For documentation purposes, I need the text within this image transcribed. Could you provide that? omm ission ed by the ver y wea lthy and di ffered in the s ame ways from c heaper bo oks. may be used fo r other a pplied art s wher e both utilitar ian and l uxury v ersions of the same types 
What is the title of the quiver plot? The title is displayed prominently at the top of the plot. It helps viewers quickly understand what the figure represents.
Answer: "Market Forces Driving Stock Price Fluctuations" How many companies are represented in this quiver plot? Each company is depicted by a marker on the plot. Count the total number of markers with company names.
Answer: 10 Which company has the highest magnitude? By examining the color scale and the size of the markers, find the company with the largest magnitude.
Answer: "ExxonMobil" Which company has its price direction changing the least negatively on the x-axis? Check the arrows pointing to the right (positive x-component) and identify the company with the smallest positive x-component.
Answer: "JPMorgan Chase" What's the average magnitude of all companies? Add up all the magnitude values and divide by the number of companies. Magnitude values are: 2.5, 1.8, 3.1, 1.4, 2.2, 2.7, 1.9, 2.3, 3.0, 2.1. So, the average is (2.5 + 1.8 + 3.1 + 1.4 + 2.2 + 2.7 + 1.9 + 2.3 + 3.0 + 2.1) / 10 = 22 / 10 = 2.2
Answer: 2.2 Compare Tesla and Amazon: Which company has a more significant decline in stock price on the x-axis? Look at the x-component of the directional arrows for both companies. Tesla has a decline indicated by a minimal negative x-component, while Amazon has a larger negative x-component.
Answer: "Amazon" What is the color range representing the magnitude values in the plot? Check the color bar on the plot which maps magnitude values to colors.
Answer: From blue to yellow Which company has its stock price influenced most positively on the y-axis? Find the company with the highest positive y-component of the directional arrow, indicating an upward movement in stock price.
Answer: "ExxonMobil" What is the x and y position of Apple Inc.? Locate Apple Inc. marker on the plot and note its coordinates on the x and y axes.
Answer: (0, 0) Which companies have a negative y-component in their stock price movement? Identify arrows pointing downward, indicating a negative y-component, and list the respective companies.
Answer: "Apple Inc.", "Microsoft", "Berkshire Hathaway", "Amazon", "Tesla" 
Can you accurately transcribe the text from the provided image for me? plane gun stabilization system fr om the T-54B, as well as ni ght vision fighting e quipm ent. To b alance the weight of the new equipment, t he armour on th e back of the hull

____________________

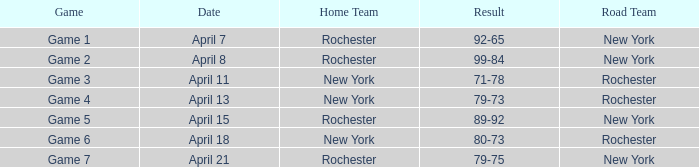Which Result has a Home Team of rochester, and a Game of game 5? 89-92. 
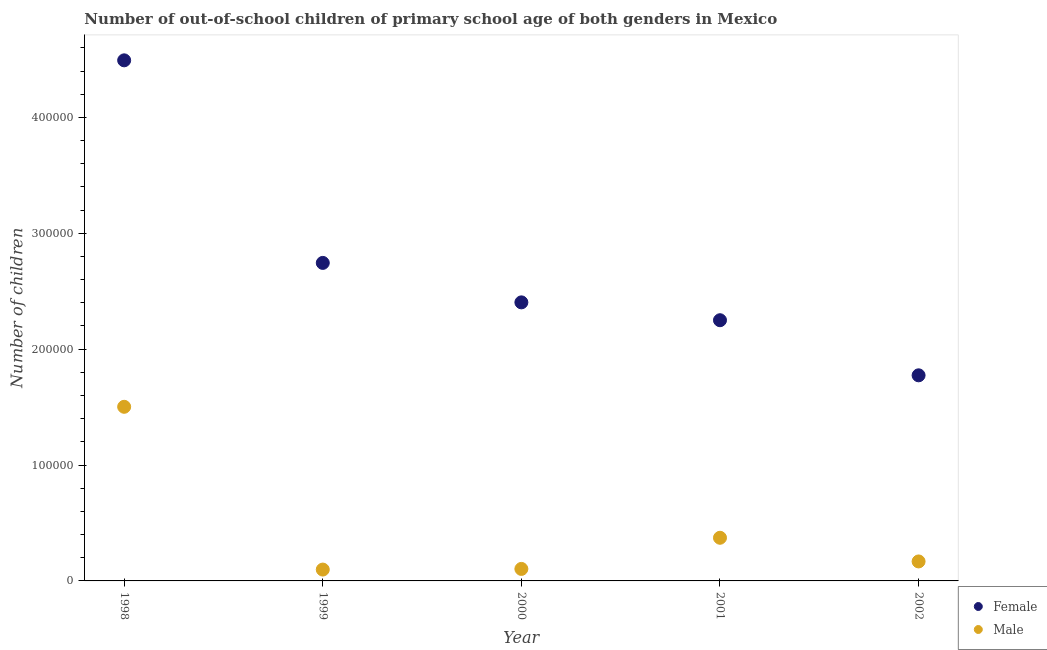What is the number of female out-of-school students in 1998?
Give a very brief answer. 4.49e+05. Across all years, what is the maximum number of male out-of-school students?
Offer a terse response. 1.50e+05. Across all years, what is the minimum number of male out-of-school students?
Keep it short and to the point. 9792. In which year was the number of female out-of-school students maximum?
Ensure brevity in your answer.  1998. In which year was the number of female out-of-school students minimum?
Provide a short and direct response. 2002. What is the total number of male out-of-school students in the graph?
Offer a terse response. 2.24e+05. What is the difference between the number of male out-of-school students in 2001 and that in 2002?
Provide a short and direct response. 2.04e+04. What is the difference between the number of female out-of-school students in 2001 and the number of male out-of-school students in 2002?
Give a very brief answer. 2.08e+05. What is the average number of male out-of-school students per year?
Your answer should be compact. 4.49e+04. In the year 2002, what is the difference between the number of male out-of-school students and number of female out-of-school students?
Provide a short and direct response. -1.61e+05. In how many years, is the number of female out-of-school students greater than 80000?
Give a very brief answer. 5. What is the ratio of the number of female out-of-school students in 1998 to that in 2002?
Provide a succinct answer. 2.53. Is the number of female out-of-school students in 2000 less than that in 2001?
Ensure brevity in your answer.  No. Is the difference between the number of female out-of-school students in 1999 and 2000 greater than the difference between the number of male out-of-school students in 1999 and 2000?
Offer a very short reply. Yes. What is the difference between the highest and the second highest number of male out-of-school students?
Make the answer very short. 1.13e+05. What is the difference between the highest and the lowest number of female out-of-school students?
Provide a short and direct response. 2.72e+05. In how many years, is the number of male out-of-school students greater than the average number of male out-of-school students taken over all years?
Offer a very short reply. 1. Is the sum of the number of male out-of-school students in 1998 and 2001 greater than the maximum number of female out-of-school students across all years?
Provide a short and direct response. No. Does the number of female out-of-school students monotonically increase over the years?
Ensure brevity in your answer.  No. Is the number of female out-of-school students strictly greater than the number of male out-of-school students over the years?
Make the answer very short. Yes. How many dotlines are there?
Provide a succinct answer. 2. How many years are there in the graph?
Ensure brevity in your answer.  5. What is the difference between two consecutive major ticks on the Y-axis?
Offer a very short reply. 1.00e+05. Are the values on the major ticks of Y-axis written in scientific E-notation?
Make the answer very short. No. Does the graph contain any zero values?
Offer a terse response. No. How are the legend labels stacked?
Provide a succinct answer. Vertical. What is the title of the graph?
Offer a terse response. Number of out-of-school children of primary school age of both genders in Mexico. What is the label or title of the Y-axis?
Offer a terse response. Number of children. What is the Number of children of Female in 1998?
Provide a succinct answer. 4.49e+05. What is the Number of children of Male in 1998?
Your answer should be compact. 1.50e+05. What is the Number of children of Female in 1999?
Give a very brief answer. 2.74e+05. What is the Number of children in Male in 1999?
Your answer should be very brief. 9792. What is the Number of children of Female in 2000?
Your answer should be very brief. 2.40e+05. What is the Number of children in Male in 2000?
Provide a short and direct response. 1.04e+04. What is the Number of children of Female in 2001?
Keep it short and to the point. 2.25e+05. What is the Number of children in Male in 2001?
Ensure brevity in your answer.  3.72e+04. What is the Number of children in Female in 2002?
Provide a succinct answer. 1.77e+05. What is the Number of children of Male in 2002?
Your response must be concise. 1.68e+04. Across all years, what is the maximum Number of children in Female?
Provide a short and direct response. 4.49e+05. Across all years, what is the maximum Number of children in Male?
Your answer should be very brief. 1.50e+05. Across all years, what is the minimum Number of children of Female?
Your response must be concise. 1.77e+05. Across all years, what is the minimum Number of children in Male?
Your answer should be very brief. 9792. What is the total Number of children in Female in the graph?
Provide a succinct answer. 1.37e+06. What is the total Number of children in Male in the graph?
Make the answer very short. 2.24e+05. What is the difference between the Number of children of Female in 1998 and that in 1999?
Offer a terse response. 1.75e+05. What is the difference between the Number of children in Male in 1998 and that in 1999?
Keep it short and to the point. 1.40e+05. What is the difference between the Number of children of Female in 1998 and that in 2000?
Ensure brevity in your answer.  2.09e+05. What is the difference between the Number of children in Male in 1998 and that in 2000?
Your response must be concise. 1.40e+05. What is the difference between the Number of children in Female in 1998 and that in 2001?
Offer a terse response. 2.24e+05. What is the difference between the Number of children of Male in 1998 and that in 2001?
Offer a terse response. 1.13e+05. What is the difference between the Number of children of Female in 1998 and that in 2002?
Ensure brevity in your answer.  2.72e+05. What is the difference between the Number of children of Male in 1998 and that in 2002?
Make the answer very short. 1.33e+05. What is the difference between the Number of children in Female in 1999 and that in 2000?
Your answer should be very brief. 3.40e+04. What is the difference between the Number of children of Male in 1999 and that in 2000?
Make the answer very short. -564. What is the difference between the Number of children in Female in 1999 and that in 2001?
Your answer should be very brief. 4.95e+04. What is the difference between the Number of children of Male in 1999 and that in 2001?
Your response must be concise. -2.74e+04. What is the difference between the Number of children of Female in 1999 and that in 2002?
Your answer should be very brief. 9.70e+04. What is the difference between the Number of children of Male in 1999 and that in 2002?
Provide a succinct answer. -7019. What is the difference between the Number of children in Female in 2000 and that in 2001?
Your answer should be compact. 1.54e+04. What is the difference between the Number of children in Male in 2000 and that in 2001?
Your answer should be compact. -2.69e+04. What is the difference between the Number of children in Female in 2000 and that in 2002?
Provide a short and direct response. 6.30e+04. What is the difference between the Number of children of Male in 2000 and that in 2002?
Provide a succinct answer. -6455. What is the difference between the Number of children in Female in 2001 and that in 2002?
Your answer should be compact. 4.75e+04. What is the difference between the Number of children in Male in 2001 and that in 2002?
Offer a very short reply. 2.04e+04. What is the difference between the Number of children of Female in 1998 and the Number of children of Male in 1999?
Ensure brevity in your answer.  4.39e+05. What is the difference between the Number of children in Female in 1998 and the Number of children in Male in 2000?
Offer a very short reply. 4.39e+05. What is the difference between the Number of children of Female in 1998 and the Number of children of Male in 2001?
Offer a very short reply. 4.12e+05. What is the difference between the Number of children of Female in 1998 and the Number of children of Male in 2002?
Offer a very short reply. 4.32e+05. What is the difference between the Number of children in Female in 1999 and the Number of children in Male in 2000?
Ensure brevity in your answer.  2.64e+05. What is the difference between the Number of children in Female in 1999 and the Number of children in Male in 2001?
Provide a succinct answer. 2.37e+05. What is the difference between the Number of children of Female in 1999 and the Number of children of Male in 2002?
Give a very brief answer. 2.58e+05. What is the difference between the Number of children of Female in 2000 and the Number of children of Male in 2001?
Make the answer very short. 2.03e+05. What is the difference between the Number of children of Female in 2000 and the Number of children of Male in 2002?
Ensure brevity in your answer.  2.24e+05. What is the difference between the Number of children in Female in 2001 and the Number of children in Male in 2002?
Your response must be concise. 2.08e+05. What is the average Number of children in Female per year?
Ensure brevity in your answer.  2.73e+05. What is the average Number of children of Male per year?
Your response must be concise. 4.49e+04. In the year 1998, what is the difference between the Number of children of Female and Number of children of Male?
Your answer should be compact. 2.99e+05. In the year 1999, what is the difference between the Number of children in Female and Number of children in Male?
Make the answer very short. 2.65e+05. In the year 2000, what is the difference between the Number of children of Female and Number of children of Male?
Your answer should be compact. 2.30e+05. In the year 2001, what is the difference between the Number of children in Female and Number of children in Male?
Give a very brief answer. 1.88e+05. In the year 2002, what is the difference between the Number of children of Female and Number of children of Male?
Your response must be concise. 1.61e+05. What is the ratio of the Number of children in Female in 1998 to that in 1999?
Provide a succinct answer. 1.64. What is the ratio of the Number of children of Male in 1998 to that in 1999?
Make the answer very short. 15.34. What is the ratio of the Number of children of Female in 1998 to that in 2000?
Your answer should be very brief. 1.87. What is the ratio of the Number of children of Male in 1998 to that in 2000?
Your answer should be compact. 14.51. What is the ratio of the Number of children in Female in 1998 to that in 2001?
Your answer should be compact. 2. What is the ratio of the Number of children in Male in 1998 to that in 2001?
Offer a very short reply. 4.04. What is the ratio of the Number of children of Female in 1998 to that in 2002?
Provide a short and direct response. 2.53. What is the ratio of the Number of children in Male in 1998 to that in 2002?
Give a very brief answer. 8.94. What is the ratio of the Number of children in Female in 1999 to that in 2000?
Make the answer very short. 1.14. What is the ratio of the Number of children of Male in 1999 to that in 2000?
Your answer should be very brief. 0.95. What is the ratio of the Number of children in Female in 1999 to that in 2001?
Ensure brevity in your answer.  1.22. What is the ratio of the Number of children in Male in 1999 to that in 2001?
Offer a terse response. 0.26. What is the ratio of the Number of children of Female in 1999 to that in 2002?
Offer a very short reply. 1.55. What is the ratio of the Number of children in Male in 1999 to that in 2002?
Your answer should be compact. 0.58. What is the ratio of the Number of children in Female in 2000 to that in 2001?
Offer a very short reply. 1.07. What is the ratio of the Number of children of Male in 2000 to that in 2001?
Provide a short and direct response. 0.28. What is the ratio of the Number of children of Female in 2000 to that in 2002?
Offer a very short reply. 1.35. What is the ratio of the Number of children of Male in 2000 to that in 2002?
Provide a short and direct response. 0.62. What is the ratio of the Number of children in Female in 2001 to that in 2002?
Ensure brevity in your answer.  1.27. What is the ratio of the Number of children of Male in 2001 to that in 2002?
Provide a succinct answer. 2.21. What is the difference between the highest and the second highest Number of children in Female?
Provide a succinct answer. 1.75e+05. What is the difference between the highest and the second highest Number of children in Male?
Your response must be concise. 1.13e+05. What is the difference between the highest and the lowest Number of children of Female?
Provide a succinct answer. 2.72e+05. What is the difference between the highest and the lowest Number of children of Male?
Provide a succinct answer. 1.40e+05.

____________________

**Task objective**
Transcribe each line of the data above, unaltered, from the one where "Make the answer very short. 2.03e+05." appears to the one where "Your answer should be compact. 2.30e+05." appears, inclusive of both.

**Result**
Make the answer very short. 2.03e+05. What is the difference between the Number of children of Female in 2000 and the Number of children of Male in 2002?
Ensure brevity in your answer.  2.24e+05. What is the difference between the Number of children in Female in 2001 and the Number of children in Male in 2002?
Your response must be concise. 2.08e+05. What is the average Number of children in Female per year?
Ensure brevity in your answer.  2.73e+05. What is the average Number of children of Male per year?
Your response must be concise. 4.49e+04. In the year 1998, what is the difference between the Number of children of Female and Number of children of Male?
Your answer should be compact. 2.99e+05. In the year 1999, what is the difference between the Number of children in Female and Number of children in Male?
Make the answer very short. 2.65e+05. In the year 2000, what is the difference between the Number of children of Female and Number of children of Male?
Your answer should be compact. 2.30e+05. In the year 2001, what is the difference between the Number of children in Female and Number of children in Male?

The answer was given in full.